Abus de l'employeur : quels recours pour le salarié ?

Mis à jour le 19 juin 2026 9 min de lecture
Rédigé par Le Devis Juridique
Équipe éditoriale - Rédaction juridique
Un salarié calme organise un dossier de documents personnels à son poste de travail dans un open-space lumineux
Réponse synthétique
Face à un abus de l'employeur, salaire impayé, licenciement injustifié ou harcèlement moral, le salarié peut saisir le conseil de prud'hommes, sans avocat obligatoire. Une tentative de conciliation précède le jugement. Les délais pour agir diffèrent selon le litige : trois ans pour un salaire, douze mois pour contester un licenciement, cinq ans pour un harcèlement. Des dommages et intérêts peuvent être accordés.
  • Le conseil de prud'hommes tranche les litiges entre un salarié et son employeur, sans avocat obligatoire.
  • Salaire impayé : l'action est possible pendant 3 ans (article L.3245-1 du Code du travail).
  • Licenciement sans cause réelle et sérieuse : 12 mois pour le contester (article L.1471-1).
  • Harcèlement moral : 5 ans pour agir (article 2224 du Code civil) ; réunir des preuves est essentiel.
  • La procédure débute par une phase de conciliation avant toute audience de jugement.

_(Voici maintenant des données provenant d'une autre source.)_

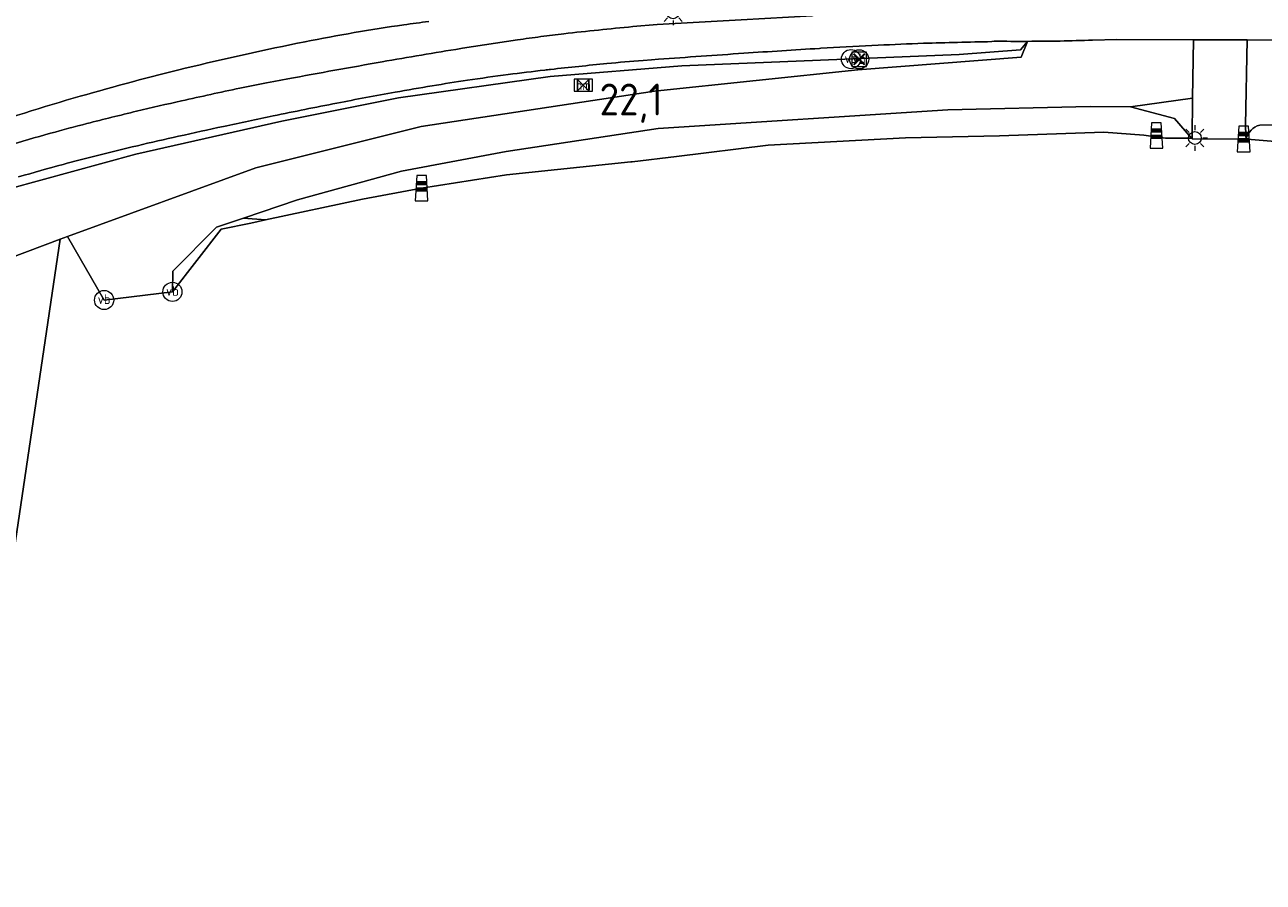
# Model space of a CAD drawing. Header units: metres. Extents: x 125158 to 132124, y 450612 to 454469.
# Tile 80 of 173: x 127735 to 127833, y 451823 to 451890. Entities that reach past the tile are written whole.
import ezdxf
from ezdxf.enums import TextEntityAlignment as Align

# ---------------------------------------------------------------- set-up
doc = ezdxf.new("R2010")
doc.units = ezdxf.units.M
doc.layers.get('0').update_dxf_attribs({"color": 8})
doc.layers.get('Defpoints').update_dxf_attribs({"color": 8})
for name, color, linetype, lineweight in [('B-XX-IE-MEUBILAIR_WEGMEUBILAIR-S', 8, 'Continuous', 25), ('B-XX-KL-ET_LS_OV_LICHTMAST-S', 8, 'Continuous', 25), ('B-XX-OG-TERREIN_CULTUURSCHEIDING-GV', 8, 'Continuous', 18), ('B-XX-OG-WEG-GV', 8, 'Continuous', 18), ('B-XX-VW-HECTOMETRERING-S', 8, 'Continuous', 25), ('B-XX-VW-VERKEERSTEKEN_BORD-S', 8, 'Continuous', 25), ('B-XX-VW-VERKEERSTEKEN_DRAAGCONSTRUCTIE-S', 8, 'Continuous', 25)]:
    doc.layers.add(name, color=color, linetype=linetype, lineweight=lineweight)
doc.layers.add('TOPOT30', color=1, linetype='Continuous')
doc.styles.add('ISO', font='iso', dxfattribs={"height": 5})
doc.styles.add('NLCS-ISO', font='NLCS-ISO.ttf')

# ---------------------------------------------------------------- blocks, each defined once
blk = doc.blocks.new('SIE-WEG_VERKEERSBORD-SO')
at = {"color": 0, "linetype": 'ByBlock', "lineweight": 18}
blk.add_lwpolyline([(-1.125, -1.125), (1.125, -1.125), (1.125, 1.125), (-1.125, 1.125)], close=True, dxfattribs=at)
at = {"color": 0, "linetype": 'ByBlock', "lineweight": 18, "style": 'NLCS-ISO'}
blk.add_text('vb', height=1.5, dxfattribs=at).set_placement((0, 0), align=Align.MIDDLE_CENTER)
blk = doc.blocks.new('SAL-ONBEKEND SYMBOOL-SO')
at = {"color": 0, "linetype": 'ByBlock', "lineweight": -2, "const_width": 0.275, "flags": 128}
for points in [[(-0.875, 0.875), (0, 0)], [(-0.875, -0.875), (0, 0)], [(0, 0), (0.875, 0.875)], [(0, 0), (0.875, -0.875)]]:
    blk.add_lwpolyline(points, dxfattribs=at)
at = {"layer": 'Defpoints', "color": 0, "linetype": 'ByBlock', "lineweight": -2}
blk.add_point((0, 0), dxfattribs=at)
blk = doc.blocks.new('SIE-WEG_PAAL_VERKEERSBORD-SO')
at = {"color": 0, "linetype": 'ByBlock', "lineweight": 18}
blk.add_circle((0, 0), 1.5, dxfattribs=at)
at = {"color": 0, "linetype": 'ByBlock', "lineweight": 18, "style": 'NLCS-ISO'}
blk.add_text('vb', height=1.5, dxfattribs=at).set_placement((0, 0.13), align=Align.MIDDLE_CENTER)
blk = doc.blocks.new('SIE-WEG_PAAL_HECTOMETERPAAL-SO')
at = {"color": 0, "linetype": 'ByBlock', "lineweight": 18}
blk.add_lwpolyline([(-1.44375, -0.94375), (1.44375, -0.94375), (1.44375, 0.94375), (-1.44375, 0.94375)], close=True, dxfattribs=at)
at = {"color": 0, "linetype": 'ByBlock', "lineweight": 18, "style": 'NLCS-ISO'}
blk.add_text('hm', height=1.5, dxfattribs=at).set_placement((0, 0), align=Align.MIDDLE_CENTER)
blk = doc.blocks.new('SIE-WEG_PAAL_GRENSPAAL-SO')
at = {"linetype": 'ByBlock', "lineweight": 18}
h = blk.add_hatch(color=0, dxfattribs=at)
h.dxf.hatch_style = 1
h.paths.add_polyline_path([(0.90625, -0.5), (0.875, 0), (-0.875, 0), (-0.90625, -0.5)])
h.paths.add_polyline_path([(-0.8125, 1), (-0.84375, 0.5), (0.84375, 0.5), (0.8125, 1)])
at = {"color": 0, "linetype": 'ByBlock', "lineweight": 18}
blk.add_lwpolyline([(-1, -2), (1, -2), (0.75, 2), (-0.75, 2)], close=True, dxfattribs=at)
for points in [[(0.875, 0), (-0.875, 0)], [(0.84375, 0.5), (-0.84375, 0.5)], [(0.8125, 1), (-0.8125, 1)], [(0.90625, -0.5), (-0.90625, -0.5)]]:
    blk.add_lwpolyline(points, dxfattribs=at)
blk = doc.blocks.new('SKL-ET_OV_LICHTMAST-SO')
at = {"color": 0, "linetype": 'ByBlock', "lineweight": 18}
for points in [[(0, 2), (0, 1.25)], [(-1.25, 0), (-2, 0)], [(-1.41, 1.41), (-0.88, 0.88)], [(0.88, 0.88), (1.41, 1.41)], [(2, 0), (1.25, 0)], [(-1.41, -1.41), (-0.88, -0.88)], [(0, -1.25), (0, -2)], [(0.88, -0.88), (1.41, -1.41)]]:
    blk.add_lwpolyline(points, dxfattribs=at)
blk.add_circle((0, 0), 1, dxfattribs=at)
blk = doc.blocks.new('kilometerpaal')
at = {"color": 0}
for p, q in [((-0.442, 0.442), (0.442, -0.442)), ((-0.442, -0.442), (-0.442, 0.442)), ((0.442, 0.442), (-0.442, -0.442)), ((0.442, -0.442), (0.442, 0.442))]:
    blk.add_line(p, q, dxfattribs=at)
at = {"color": 0, "style": 'ISO'}
blk.add_attdef('KILOMETERPAAL', (0.591, 0.868), '', height=2.5, dxfattribs=at)

msp = doc.modelspace()

# ---------------------------------------------------------------- linework, layer by layer
at = {"layer": 'B-XX-OG-TERREIN_CULTUURSCHEIDING-GV'}
for points in [[(127836.334, 451880.593), (127831.359, 451881.004), (127831.27, 451881.021), (127831.265, 451881), (127827.028, 451881.045), (127826.982, 451881.099), (127824.931, 451881.091), (127823.245, 451881.321), (127820.115, 451881.563), (127811.926, 451881.281), (127804.533, 451881.119), (127799.157, 451880.823), (127793.781, 451880.527), (127786.588, 451879.659), (127783.096, 451879.238), (127782.991, 451879.225), (127773.242, 451878.219), (127766.584, 451877.172), (127761.949, 451876.291), (127754.332, 451874.671), (127753.176, 451874.429), (127750.865, 451873.944), (127747.034, 451869.034), (127741.675, 451868.395), (127738.801, 451873.38), (127738.218, 451873.16), (127724.297, 451779.253)], [(127724.297, 451779.253), (127738.218, 451873.16), (127725.176, 451868.246), (127715.231, 451863.459), (127705.509, 451857.843), (127695.998, 451852.117), (127691.809, 451848.684), (127690.38, 451847.092), (127685.54, 451841.699), (127682.315, 451837.94), (127673.102, 451822.646)]]:
    msp.add_lwpolyline(points, dxfattribs=at)
at = {"layer": 'B-XX-OG-WEG-GV'}
for points in [[(127804.131, 451891.002), (127797.223, 451890.689), (127791.655, 451890.377), (127785.066, 451890.008), (127783.154, 451889.836)], [(127783.154, 451889.836), (127785.066, 451890.008), (127791.655, 451890.377), (127797.223, 451890.689), (127797.633, 451890.845)], [(127725.176, 451868.246), (127738.218, 451873.16), (127738.801, 451873.38), (127753.578, 451878.766), (127766.542, 451881.999), (127784.851, 451884.779), (127800.818, 451886.45), (127813.63, 451887.44), (127814.126, 451888.679), (127813.561, 451888.019), (127808.757, 451887.657), (127786.993, 451886.758), (127776.676, 451885.921), (127764.759, 451884.26), (127755.611, 451882.433), (127744.161, 451879.84), (127734.22, 451877.107)], [(127734.22, 451877.107), (127744.161, 451879.84), (127755.611, 451882.433), (127764.759, 451884.26), (127776.676, 451885.921), (127786.993, 451886.758), (127808.757, 451887.657), (127813.561, 451888.019), (127814.126, 451888.679)], [(127814.126, 451888.679), (127813.63, 451887.44), (127800.818, 451886.45), (127784.851, 451884.779), (127766.542, 451881.999), (127753.578, 451878.766), (127738.801, 451873.38), (127741.675, 451868.395), (127747.034, 451869.034), (127747.061, 451870.654), (127750.492, 451874.1), (127752.606, 451874.82), (127756.834, 451876.259), (127765.008, 451878.493), (127773.222, 451880.035), (127785.141, 451881.841), (127807.857, 451883.315), (127819.029, 451883.56), (127822.192, 451883.553), (127827.05, 451884.231)], [(127769.651, 451888.116), (127769.795, 451888.139), (127774.099, 451888.786)], [(127774.099, 451888.786), (127769.795, 451888.139), (127769.651, 451888.116)], [(127802.401, 451888.372), (127797.905, 451888.133), (127797.811, 451888.128)], [(127797.811, 451888.128), (127797.905, 451888.133), (127802.401, 451888.372)], [(127811.515, 451888.689), (127811.315, 451888.659)], [(127811.315, 451888.659), (127811.515, 451888.689)], [(127827.05, 451884.231), (127827.146, 451888.792), (127821.134, 451888.83), (127819.212, 451888.769)], [(127819.212, 451888.769), (127821.134, 451888.83), (127827.146, 451888.792), (127831.35, 451888.81), (127847.792, 451888.695)], [(127831.35, 451888.81), (127831.229, 451882.098), (127831.257, 451881.309), (127831.27, 451881.021)], [(127832.334, 451882.108), (127846.358, 451882.236), (127847.593, 451885.459), (127847.792, 451888.695), (127831.35, 451888.81)], [(127847.792, 451888.695), (127847.593, 451885.459), (127846.358, 451882.236), (127832.334, 451882.108)], [(127785.17, 451887.271), (127784.609, 451887.229), (127783.953, 451887.18)], [(127783.953, 451887.18), (127784.609, 451887.229), (127785.17, 451887.271)], [(127754.406, 451885.425), (127754.989, 451885.535), (127756.078, 451885.738)], [(127756.078, 451885.738), (127754.989, 451885.535), (127754.406, 451885.425)], [(127831.27, 451881.021), (127831.359, 451881.004), (127836.334, 451880.593), (127847.623, 451880.225), (127848.729, 451883.833), (127851.623, 451883.917), (127854.353, 451884.538), (127868.808, 451884.85), (127868.898, 451883.97), (127870.581, 451884.797), (127871.204, 451885.103), (127877.28, 451883.735)]]:
    msp.add_lwpolyline(points, dxfattribs=at)
for points in [[(127827.146, 451888.792), (127827.05, 451884.231), (127827.028, 451881.099), (127827.028, 451881.045), (127831.265, 451881), (127831.27, 451881.021), (127831.257, 451881.309), (127831.229, 451882.098), (127831.35, 451888.81)], [(127827.028, 451881.045), (127827.028, 451881.099), (127827.05, 451884.231), (127822.192, 451883.553), (127825.654, 451882.64), (127826.982, 451881.099)], [(127826.982, 451881.099), (127825.654, 451882.64), (127822.192, 451883.553), (127819.029, 451883.56), (127807.857, 451883.315), (127785.141, 451881.841), (127773.222, 451880.035), (127765.008, 451878.493), (127756.834, 451876.259), (127752.606, 451874.82), (127754.332, 451874.671), (127761.949, 451876.291), (127766.584, 451877.172), (127773.242, 451878.219), (127782.991, 451879.225), (127783.096, 451879.238), (127786.588, 451879.659), (127793.781, 451880.527), (127799.157, 451880.823), (127804.533, 451881.119), (127811.926, 451881.281), (127820.115, 451881.563), (127823.245, 451881.321), (127824.931, 451881.091)], [(127754.332, 451874.671), (127752.606, 451874.82), (127750.492, 451874.1), (127747.061, 451870.654), (127747.034, 451869.034), (127750.865, 451873.944), (127753.176, 451874.429)]]:
    msp.add_lwpolyline(points, close=True, dxfattribs=at)
for centre, radius, start, end in [((127773.463, 451833), 57.576, 96.30238, 98.2648), ((127786.982, 451740.245), 151.311, 98.2818, 101.26074), ((127783.059, 451832.043), 57.446, 97.11295, 98.97349), ((127789.467, 451787.583), 102.361, 96.5735, 97.59048), ((127804.935, 451655.339), 235.506, 95.30654, 96.6287), ((127801.538, 451667.047), 225.943, 101.2561, 103.69556), ((127849.938, 451394.481), 500.121, 99.23792, 99.9547), ((127850.091, 451027.748), 861.966, 93.477232, 93.873351), ((127811.584, 451715.088), 173.527, 91.85743, 93.03365), ((127818.194, 451509.532), 379.19, 91.03942, 91.84883), ((127813.474, 452059.313), 170.635, 269.34219, 270.21893), ((127813.496, 452068.053), 179.375, 270.20134, 271.82621), ((127891.563, 451155.526), 742.674, 99.930855, 100.511271), ((127794.502, 451748.514), 139.067, 94.35041, 95.51908), ((127862.095, 450850.605), 1039.516, 93.873909, 94.243795), ((127796.17, 451689.079), 203.266, 103.69598, 106.09843), ((127795.629, 451715.098), 172.42, 96.45547, 97.41589), ((127781.702, 451840.183), 46.563, 96.17247, 96.73096), ((127814.649, 451542.381), 346.182, 95.55681, 96.29429), ((127772.308, 451790.85), 96.254, 100.71861, 101.98572), ((127801.638, 451678.66), 209.348, 99.40767, 100.21398), ((127799.677, 451689.668), 198.168, 98.55959, 99.36863), ((127794.771, 451721.982), 165.483, 97.42867, 98.54504), ((127805.112, 451658.204), 235.41, 106.10565, 108.33692), ((127846.236, 451441.669), 453.175, 101.96079, 102.55103), ((127824.5, 451550.785), 339.251, 100.18434, 100.97364), ((127805.562, 451627.137), 263.306, 103.47168, 104.3444), ((127793.763, 451676.837), 212.224, 102.5201, 103.4999), ((127838.119, 451481.201), 410.154, 100.99103, 101.69971), ((127776.28, 451741.649), 145.109, 104.34497, 105.51288), ((127863.353, 451359.384), 534.558, 101.70046, 102.12725), ((127794.528, 451676.363), 212.897, 105.54574, 106.51543), ((127838.473, 451474.447), 416.836, 102.10639, 102.6055), ((127832.731, 451880.655), 1.506, 105.28539, 165.93986), ((127811.523, 451596.309), 292.033, 103.31105, 103.98701), ((127803.647, 451629.381), 258.035, 102.56691, 103.30006), ((127767.726, 451772.135), 110.834, 103.98679, 105.3114), ((127797.162, 451664.827), 222.106, 105.32541, 106.26185)]:
    msp.add_arc(centre, radius, start, end, dxfattribs=at)
at = {"layer": 'B-XX-OG-WEG-GV', "extrusion": (0, 0, -1)}
for centre, radius, start, end in [((-127773.463, 451833), 57.576, 81.7352, 83.69762), ((-127786.982, 451740.245), 151.311, 78.73926, 81.7182), ((-127783.059, 451832.043), 57.446, 81.02651, 82.88705), ((-127789.467, 451787.583), 102.361, 82.40952, 83.4265), ((-127804.935, 451655.339), 235.506, 83.3713, 84.69346), ((-127801.538, 451667.047), 225.943, 76.30444, 78.7439), ((-127849.938, 451394.481), 500.121, 80.0453, 80.76208), ((-127850.091, 451027.748), 861.966, 86.126649, 86.522768), ((-127811.584, 451715.088), 173.527, 86.96635, 88.14257), ((-127818.194, 451509.532), 379.19, 88.15117, 88.96058), ((-127813.474, 452059.313), 170.635, 269.78107, 270.65781), ((-127813.496, 452068.053), 179.375, 268.17379, 269.79866), ((-127891.563, 451155.526), 742.674, 79.488729, 80.069145), ((-127794.502, 451748.514), 139.067, 84.48092, 85.64959), ((-127862.095, 450850.605), 1039.516, 85.756205, 86.126091), ((-127796.17, 451689.079), 203.266, 73.90157, 76.30402), ((-127795.629, 451715.098), 172.42, 82.58411, 83.54453), ((-127781.702, 451840.183), 46.563, 83.26904, 83.82753), ((-127814.649, 451542.381), 346.182, 83.70571, 84.44319), ((-127772.308, 451790.85), 96.254, 78.01428, 79.28139), ((-127801.638, 451678.66), 209.348, 79.78602, 80.59233), ((-127799.677, 451689.668), 198.168, 80.63137, 81.44041), ((-127794.771, 451721.982), 165.483, 81.45496, 82.57133), ((-127805.112, 451658.204), 235.41, 71.66308, 73.89435), ((-127846.236, 451441.669), 453.175, 77.44897, 78.03921), ((-127824.5, 451550.785), 339.251, 79.02636, 79.81566), ((-127805.562, 451627.137), 263.306, 75.6556, 76.52832), ((-127793.763, 451676.837), 212.224, 76.5001, 77.4799), ((-127838.119, 451481.201), 410.154, 78.30029, 79.00897), ((-127776.28, 451741.649), 145.109, 74.48712, 75.65503), ((-127863.353, 451359.384), 534.558, 77.87275, 78.29954), ((-127794.528, 451676.363), 212.897, 73.48457, 74.45426), ((-127838.473, 451474.447), 416.836, 77.3945, 77.89361), ((-127832.731, 451880.655), 1.506, 14.06014, 74.71461), ((-127811.523, 451596.309), 292.033, 76.01299, 76.68895), ((-127803.647, 451629.381), 258.035, 76.69994, 77.43309), ((-127767.726, 451772.135), 110.834, 74.6886, 76.01321), ((-127797.162, 451664.827), 222.106, 73.73815, 74.67459)]:
    msp.add_arc(centre, radius, start, end, dxfattribs=at)

# ---------------------------------------------------------------- block references
at = {"layer": 'B-XX-IE-MEUBILAIR_WEGMEUBILAIR-S', "xscale": 0.5, "yscale": 0.5, "zscale": 0.5}
for p in [(127824.231, 451881.3), (127831.074, 451881.028), (127766.584, 451877.172)]:
    msp.add_blockref('SIE-WEG_PAAL_GRENSPAAL-SO', p, dxfattribs=at)
at = {"layer": 'B-XX-KL-ET_LS_OV_LICHTMAST-S', "xscale": 0.5, "yscale": 0.5, "zscale": 0.5}
for p in [(127786.315, 451890.95), (127827.248, 451881.1)]:
    msp.add_blockref('SKL-ET_OV_LICHTMAST-SO', p, dxfattribs=at)
at = {"layer": 'B-XX-VW-HECTOMETRERING-S', "xscale": 0.5, "yscale": 0.5, "zscale": 0.5}
msp.add_blockref('SIE-WEG_PAAL_HECTOMETERPAAL-SO', (127779.266, 451885.238), dxfattribs=at)
at = {"layer": 'B-XX-VW-VERKEERSTEKEN_BORD-S', "xscale": 0.5, "yscale": 0.5, "zscale": 0.5}
for name in ['SIE-WEG_VERKEERSBORD-SO', 'SAL-ONBEKEND SYMBOOL-SO']:
    msp.add_blockref(name, (127800.911, 451887.271), dxfattribs=at)
at = {"layer": 'B-XX-VW-VERKEERSTEKEN_DRAAGCONSTRUCTIE-S', "xscale": 0.5, "yscale": 0.5, "zscale": 0.5}
for p in [(127800.267, 451887.286), (127800.911, 451887.271), (127747.034, 451869.034), (127741.675, 451868.395)]:
    msp.add_blockref('SIE-WEG_PAAL_VERKEERSBORD-SO', p, dxfattribs=at)
at = {"layer": 'TOPOT30'}
ref = msp.add_blockref('kilometerpaal', (127779.266, 451885.238), dxfattribs=at)
ref.add_attrib('KILOMETERPAAL', '22,1', (127780.542, 451882.87), dxfattribs={"color": 0, "height": 2.5, "style": 'ISO'})

doc.saveas('drawing.dxf')

Qu'est-ce qu'un abus de l'employeur ?

En bref
Un manquement de l'employeur à ses obligations légales ou contractuelles : salaire non versé, licenciement injustifié, harcèlement, conditions de travail dégradées.

Un abus de l'employeur est un manquement à ses obligations envers le salarié, qu'elles découlent du contrat de travail ou du Code du travail. La relation de travail est encadrée par des règles précises, et l'employeur engage sa responsabilité lorsqu'il ne les respecte pas. Le salarié dispose alors de recours pour faire valoir ses droits, principalement devant le conseil de prud'hommes.

Les abus les plus fréquents portent sur trois situations :

  • Le salaire impayé ou versé de façon incomplète, en retard ou sans bulletin de paie.
  • Le licenciement prononcé sans cause réelle et sérieuse, ou sans respecter la procédure.
  • Le harcèlement moral, qui dégrade durablement les conditions de travail du salarié.

Que faire en cas de salaire impayé ?

En bref
Réclamer le paiement par écrit, puis saisir le conseil de prud'hommes. L'action est ouverte pendant 3 ans et peut porter sur les sommes dues et des dommages et intérêts.

Le salaire est mensuel et doit être versé une fois par mois (article L.3242-1 du Code du travail). Lorsque l'employeur ne paie pas, ne paie qu'une partie ou accumule du retard, il manque à une obligation essentielle du contrat. Le salarié peut d'abord réclamer les sommes dues par lettre recommandée, puis, à défaut, saisir le conseil de prud'hommes pour obtenir le paiement et, le cas échéant, des dommages et intérêts en réparation du préjudice subi.

L'action en paiement du salaire se prescrit par 3 ans à compter du jour où le salarié a connu ou aurait dû connaître les faits (article L.3245-1 du Code du travail). La demande peut porter sur les sommes dues au titre des trois dernières années, ou des trois années précédant la rupture si le contrat a pris fin.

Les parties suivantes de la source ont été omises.